In October me and Natalie went on holiday to the South of France, my first actual holiday out of the country for years. It was excellent.
My Mum moved house, so I had to say goodbye to the house I grew up in. I felt sad, but the process made me realise that I’ve well and truly moved out – her house hadn’t felt like my home for several years. Her new place is great, anyway, so it’s all worthwhile. (It also made me think about the Edinburgh housing market (Holy shit! (What the fuck?)))
In the latter half of the year I reached out and became an attendee of C++ Edinburgh, the local C++ usergroup. Everyone who attends is nice, works on cool stuff and has a lot of knowledge to share. In December I gave a short presentation at the meetup about my game engine, Quiver, which was quite good fun. I hope I can fit in some other meetups in 2018.

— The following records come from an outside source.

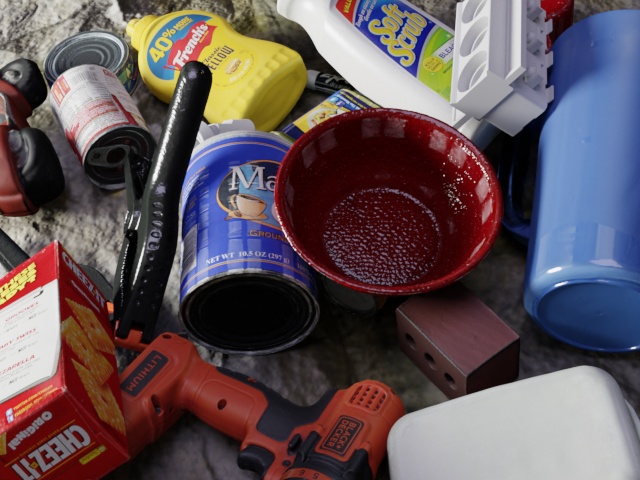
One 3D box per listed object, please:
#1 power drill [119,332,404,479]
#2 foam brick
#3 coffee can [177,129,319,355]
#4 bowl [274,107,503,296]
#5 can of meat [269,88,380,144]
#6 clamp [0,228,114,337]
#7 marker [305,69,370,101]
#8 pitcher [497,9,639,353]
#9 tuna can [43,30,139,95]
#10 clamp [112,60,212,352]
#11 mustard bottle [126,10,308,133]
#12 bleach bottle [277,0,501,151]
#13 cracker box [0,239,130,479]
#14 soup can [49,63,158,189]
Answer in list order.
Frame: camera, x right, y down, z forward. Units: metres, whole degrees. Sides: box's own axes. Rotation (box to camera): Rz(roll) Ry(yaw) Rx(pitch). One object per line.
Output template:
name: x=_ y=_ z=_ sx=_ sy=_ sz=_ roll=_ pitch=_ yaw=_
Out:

Speaking of Quiver, that project chugged along a fair bit, although I struggled to commit enough time to it. I finally came up with a good name, so it’s no longer just “the Quarrel engine”, and I made it open-source. You can check it out on GitHub. I look forward to continuing to tinker with it next year – there’s a lot of work to do! Maybe I’ll actually make Quarrel into a playable game! (Ha ha!)

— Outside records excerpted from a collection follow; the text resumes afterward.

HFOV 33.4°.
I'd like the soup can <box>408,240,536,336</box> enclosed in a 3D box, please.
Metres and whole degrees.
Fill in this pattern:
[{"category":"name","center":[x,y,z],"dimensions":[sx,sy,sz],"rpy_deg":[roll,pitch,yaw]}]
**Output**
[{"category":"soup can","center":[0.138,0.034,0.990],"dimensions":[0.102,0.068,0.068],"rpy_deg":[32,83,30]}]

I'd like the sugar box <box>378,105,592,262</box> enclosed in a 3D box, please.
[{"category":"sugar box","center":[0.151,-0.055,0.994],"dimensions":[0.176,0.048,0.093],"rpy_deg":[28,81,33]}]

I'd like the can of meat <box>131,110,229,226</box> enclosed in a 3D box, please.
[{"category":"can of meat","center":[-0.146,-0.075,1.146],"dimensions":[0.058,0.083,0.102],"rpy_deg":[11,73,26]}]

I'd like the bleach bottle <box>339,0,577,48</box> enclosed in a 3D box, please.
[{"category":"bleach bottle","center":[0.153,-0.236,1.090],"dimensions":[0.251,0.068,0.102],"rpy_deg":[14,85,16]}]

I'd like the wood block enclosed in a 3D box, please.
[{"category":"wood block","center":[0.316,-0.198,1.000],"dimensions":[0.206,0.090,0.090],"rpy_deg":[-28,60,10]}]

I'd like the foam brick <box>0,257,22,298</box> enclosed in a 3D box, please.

In short, my 2017 was a blast. Just about everything that could have gone well went well. I have a lot to be thankful for. I live in a lovely flat with a lovely flatmate, I have excellent friends and a wonderful girlfriend, I love my job and it seems to like me. I know that 2018’s going to be a tough one (both professionally and personally), so I’m glad I get to begin it on the best possible footing.
Thanks for reading. I hope your 2018 is productive and peaceful.